Universitaire à Luminy

À quelques pas du parc national des calanques, au sud de la cité phocéenne, le soleil brille plus de trois cents jours par an. Nous sommes sur le Campus universitaire de Luminy pour rencontrer Jade, une étudiante en master. Son email a bouleversé toute la rédaction. Avec son accord, nous avons décidé de diffuser ses mots et de les illustrer avec les photographies réalisées par Rv Dols lors de notre rencontre.

Université de Marseille
Photo Rv Dols

Jade : « Bonjour à l’oeilpaca, je ne sais pas pourquoi je vous écris, peut-être parce que ça me fait du bien, ou alors parce que je me fais croire que quelqu’un me lira. Cette année pourrie est enfin finie, ou presque. J’ai le sentiment d’être passée par les oubliettes de la vie. Autour de moi j’ai pu constater que les destins étaient multiples, mais quoiqu’il en soit nous sommes tous bien écrasés par cette pandémie.

Beaucoup d’entre nous sont rentrés chez eux. J’ai discuté avec des L1 qui ne reviendront pas, déçus, dégoûtés, fatigués, il y a un peu tous les sentiments qui se mélangent, le vide est difficile à combler pour tout le monde. Ceux qui étaient sous contrat ont pu toucher des indemnités chômage. Ceux qui travaillaient pour subsister, c’était terrible, il n’y avait plus rien. Pour ceux qui vivaient de petits boulots, le néant, plus d’euros pour se payer à manger, la chambre, l’angoisse, la boule dans le ventre tous les jours, avec ces cours en distanciel, devant ton écran le reflet de ton visage, tu te sens laide. Quand tu restes confiné dans 9 mètres carrés, l’anxiété te gagne.
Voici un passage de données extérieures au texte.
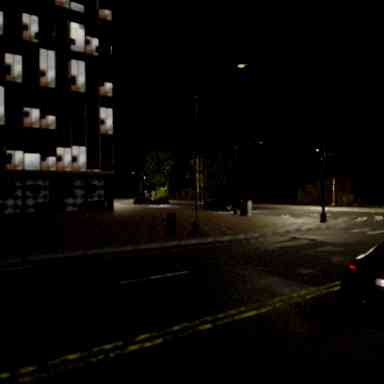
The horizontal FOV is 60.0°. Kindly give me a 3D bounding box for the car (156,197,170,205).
[{"bbox_3d":[-6.202,1.750,63.605,2.033,1.411,5.357,-1,0,-33],"label":"car"}]

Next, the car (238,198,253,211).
[{"bbox_3d":[6.026,1.532,44.664,2.097,1.767,4.553,-1,0,-33],"label":"car"}]

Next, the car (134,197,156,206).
[{"bbox_3d":[-9.347,1.732,62.476,2.128,1.511,4.902,-1,0,-33],"label":"car"}]

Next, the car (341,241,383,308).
[{"bbox_3d":[5.050,1.597,7.054,4.181,1.385,1.994,0,0,-36],"label":"car"}]

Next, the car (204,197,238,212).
[{"bbox_3d":[3.340,1.742,42.833,1.812,1.442,4.674,-1,0,-33],"label":"car"}]

La fatigue et la solitude te submergent, tu ne comprends pas ce qui t’arrive, tu es toute seule, comme si la vie n’existait plus, c’est la faim ou l’angoisse qui viennent te dire que tu es toujours vivante.

Aix Marseille Université
Photo Rv Dols

Un matin, ma mère m’a téléphonée, à sa voix j’ai senti qu’il y avait quelque chose, « Nanie s’est éteinte cette nuit », je ne pouvais plus parler, ma mère pleurait dans mon phone, ma tête tournait, l’angoisse, son visage qui me venait, j’ai hurlé. Mes pensées se bousculaient, ces instants d’amour, de tendresse, de câlin que j’ai partagé avec ma grand-mère n’existaient plus, c’est donc ça la vie, je suis seule, sans pouvoir ne rien dire, perdue au fond de cette minuscule chambre, le soleil qui traverse la vitre devient insupportable, il faut que je sorte, il faut que je sorte, il faut que je sorte, c’est plus fort que moi.
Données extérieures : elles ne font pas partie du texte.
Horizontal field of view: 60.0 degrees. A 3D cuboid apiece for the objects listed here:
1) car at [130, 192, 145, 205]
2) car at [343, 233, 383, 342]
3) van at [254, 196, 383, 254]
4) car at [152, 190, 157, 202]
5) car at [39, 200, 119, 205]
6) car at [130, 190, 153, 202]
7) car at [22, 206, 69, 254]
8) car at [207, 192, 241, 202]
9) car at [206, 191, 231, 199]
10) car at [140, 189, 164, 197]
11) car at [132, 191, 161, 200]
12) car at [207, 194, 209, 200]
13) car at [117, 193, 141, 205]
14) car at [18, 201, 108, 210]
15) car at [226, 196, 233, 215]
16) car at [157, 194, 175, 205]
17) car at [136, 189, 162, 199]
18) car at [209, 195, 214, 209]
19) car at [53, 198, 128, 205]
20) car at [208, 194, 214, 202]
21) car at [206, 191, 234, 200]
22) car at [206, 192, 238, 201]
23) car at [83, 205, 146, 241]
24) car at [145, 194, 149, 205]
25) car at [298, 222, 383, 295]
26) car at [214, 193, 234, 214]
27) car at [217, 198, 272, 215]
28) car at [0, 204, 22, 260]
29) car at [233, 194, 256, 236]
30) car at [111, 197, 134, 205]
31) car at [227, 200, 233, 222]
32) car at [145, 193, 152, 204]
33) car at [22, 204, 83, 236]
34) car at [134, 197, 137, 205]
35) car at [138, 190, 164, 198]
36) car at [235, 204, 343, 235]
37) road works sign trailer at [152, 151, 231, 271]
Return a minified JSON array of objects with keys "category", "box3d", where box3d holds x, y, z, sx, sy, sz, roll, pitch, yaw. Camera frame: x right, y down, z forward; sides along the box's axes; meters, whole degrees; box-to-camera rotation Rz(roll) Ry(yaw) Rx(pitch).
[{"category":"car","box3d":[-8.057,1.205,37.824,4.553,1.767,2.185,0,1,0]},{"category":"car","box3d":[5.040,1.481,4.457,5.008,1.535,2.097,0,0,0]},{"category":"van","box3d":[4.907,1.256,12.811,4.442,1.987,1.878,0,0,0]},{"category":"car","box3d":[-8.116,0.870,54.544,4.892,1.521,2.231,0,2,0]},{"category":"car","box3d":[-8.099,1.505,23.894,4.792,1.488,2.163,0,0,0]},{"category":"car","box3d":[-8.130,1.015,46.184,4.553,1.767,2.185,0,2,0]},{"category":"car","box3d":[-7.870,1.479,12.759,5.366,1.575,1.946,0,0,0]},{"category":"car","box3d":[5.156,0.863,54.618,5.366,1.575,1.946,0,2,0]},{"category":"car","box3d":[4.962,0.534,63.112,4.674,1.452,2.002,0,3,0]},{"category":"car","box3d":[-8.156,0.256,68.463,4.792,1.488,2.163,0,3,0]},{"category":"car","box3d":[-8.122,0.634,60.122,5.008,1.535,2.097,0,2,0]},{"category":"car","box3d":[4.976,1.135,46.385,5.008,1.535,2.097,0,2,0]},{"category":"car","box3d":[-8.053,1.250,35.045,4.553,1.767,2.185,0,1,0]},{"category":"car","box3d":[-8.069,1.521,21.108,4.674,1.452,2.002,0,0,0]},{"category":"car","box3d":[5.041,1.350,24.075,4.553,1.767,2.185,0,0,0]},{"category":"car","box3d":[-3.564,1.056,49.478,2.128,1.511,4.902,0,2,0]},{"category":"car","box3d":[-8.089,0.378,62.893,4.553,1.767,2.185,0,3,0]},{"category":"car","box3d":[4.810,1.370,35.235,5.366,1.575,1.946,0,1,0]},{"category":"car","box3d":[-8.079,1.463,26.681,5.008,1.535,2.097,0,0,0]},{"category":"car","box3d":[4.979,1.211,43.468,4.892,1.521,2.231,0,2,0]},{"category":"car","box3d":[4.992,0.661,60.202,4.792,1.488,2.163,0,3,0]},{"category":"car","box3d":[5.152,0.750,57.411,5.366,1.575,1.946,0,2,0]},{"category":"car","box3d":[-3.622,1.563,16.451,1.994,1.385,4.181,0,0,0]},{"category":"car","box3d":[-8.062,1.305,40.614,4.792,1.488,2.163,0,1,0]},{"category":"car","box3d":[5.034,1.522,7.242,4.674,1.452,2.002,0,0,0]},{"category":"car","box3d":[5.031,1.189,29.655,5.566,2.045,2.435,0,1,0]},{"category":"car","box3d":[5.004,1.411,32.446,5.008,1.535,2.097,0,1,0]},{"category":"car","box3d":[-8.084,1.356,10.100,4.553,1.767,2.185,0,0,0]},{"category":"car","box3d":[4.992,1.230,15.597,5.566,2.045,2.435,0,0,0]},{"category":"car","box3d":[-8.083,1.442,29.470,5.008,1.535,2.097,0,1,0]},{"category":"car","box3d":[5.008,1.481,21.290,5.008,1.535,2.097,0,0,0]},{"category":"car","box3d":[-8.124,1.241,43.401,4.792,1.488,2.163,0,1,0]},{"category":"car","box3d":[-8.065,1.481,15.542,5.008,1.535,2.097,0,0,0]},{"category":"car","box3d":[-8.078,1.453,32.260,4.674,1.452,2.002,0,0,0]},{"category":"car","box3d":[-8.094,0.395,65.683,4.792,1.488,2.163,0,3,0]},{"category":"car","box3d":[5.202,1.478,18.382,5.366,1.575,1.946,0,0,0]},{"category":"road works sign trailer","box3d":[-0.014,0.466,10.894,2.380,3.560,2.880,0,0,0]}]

J’ai beaucoup pleuré, la douleur qui m’a dévastée s’amplifie quand je repense qu’ils n’ont même pas voulu que j’aille la voir une dernière fois. Elle est partie toute seule, personne pour lui tenir la main, j’aurai voulu l’embrasser une dernière fois, rien ne pourra réparer cette douleur. Le mal est trop fort, tu ne peux plus t’exprimer, comme si quelque chose s’était déchiré dans ton ventre.
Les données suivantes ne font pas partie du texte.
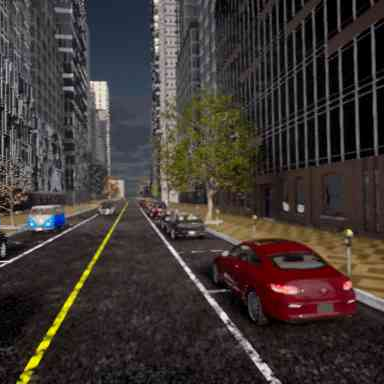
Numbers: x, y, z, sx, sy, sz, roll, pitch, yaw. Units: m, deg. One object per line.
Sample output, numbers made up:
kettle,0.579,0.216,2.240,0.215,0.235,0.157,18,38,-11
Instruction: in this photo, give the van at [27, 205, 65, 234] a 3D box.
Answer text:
van,-9.678,1.786,22.336,1.690,1.788,3.998,-1,-1,-10

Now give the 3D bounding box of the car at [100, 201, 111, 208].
car,-18.849,2.651,72.736,1.887,1.381,4.507,-1,-1,-10

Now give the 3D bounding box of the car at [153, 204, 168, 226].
car,-1.430,1.838,23.833,2.008,1.369,4.403,-1,-1,-10

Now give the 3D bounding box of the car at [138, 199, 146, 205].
car,-13.662,2.719,91.031,1.947,1.339,4.313,-1,-1,-10

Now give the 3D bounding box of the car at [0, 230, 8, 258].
car,-7.635,1.837,11.134,2.008,1.369,4.403,-1,-1,-10

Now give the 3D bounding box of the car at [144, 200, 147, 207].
car,-4.490,1.954,40.633,1.967,1.590,4.097,-1,-1,-10

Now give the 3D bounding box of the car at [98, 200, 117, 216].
car,-10.299,1.988,40.762,2.097,1.767,4.553,-1,-1,-10

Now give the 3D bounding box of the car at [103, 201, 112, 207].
car,-19.868,2.757,78.337,1.802,1.307,4.206,-1,-1,-10

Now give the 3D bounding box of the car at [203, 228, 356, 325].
car,1.628,1.627,7.033,1.802,1.307,4.206,-1,-1,-10

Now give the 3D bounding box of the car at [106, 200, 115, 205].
car,-21.907,2.856,89.537,1.887,1.381,4.507,-1,-1,-10

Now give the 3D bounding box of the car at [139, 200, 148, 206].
car,-11.623,2.583,79.832,1.947,1.339,4.313,-1,-1,-10

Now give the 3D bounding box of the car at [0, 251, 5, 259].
car,-3.339,1.626,2.542,1.812,1.442,4.674,-1,-1,-10

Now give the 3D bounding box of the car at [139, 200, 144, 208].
car,-8.565,2.352,63.033,1.887,1.381,4.507,-1,-1,-10

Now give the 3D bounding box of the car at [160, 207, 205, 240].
car,-0.410,1.759,18.233,2.008,1.369,4.403,-1,-1,-10

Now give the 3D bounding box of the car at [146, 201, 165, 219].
car,-3.471,1.879,35.034,1.967,1.590,4.097,-1,-1,-10

Le reconfinement a vraiment été compliqué, tu n’oses pas demander à ta mère quoi que ce soit, elle a déjà des soucis financiers, alors avec ce virus, c’est pire. J’ai les bourses, c’est déjà ça. Je reviendrai l’année prochaine, j’espère pouvoir travailler cet été, je ne veux plus qu’une chose c’est rentrer chez moi. C’est trop vide, c’est trop long ici, je veux prendre ma mère dans mes bras et lui dire que je l’aime.

Un grand merci à l’association vendredi 13, qui nous distribue de quoi manger le samedi matin à l’entrée de l’université ».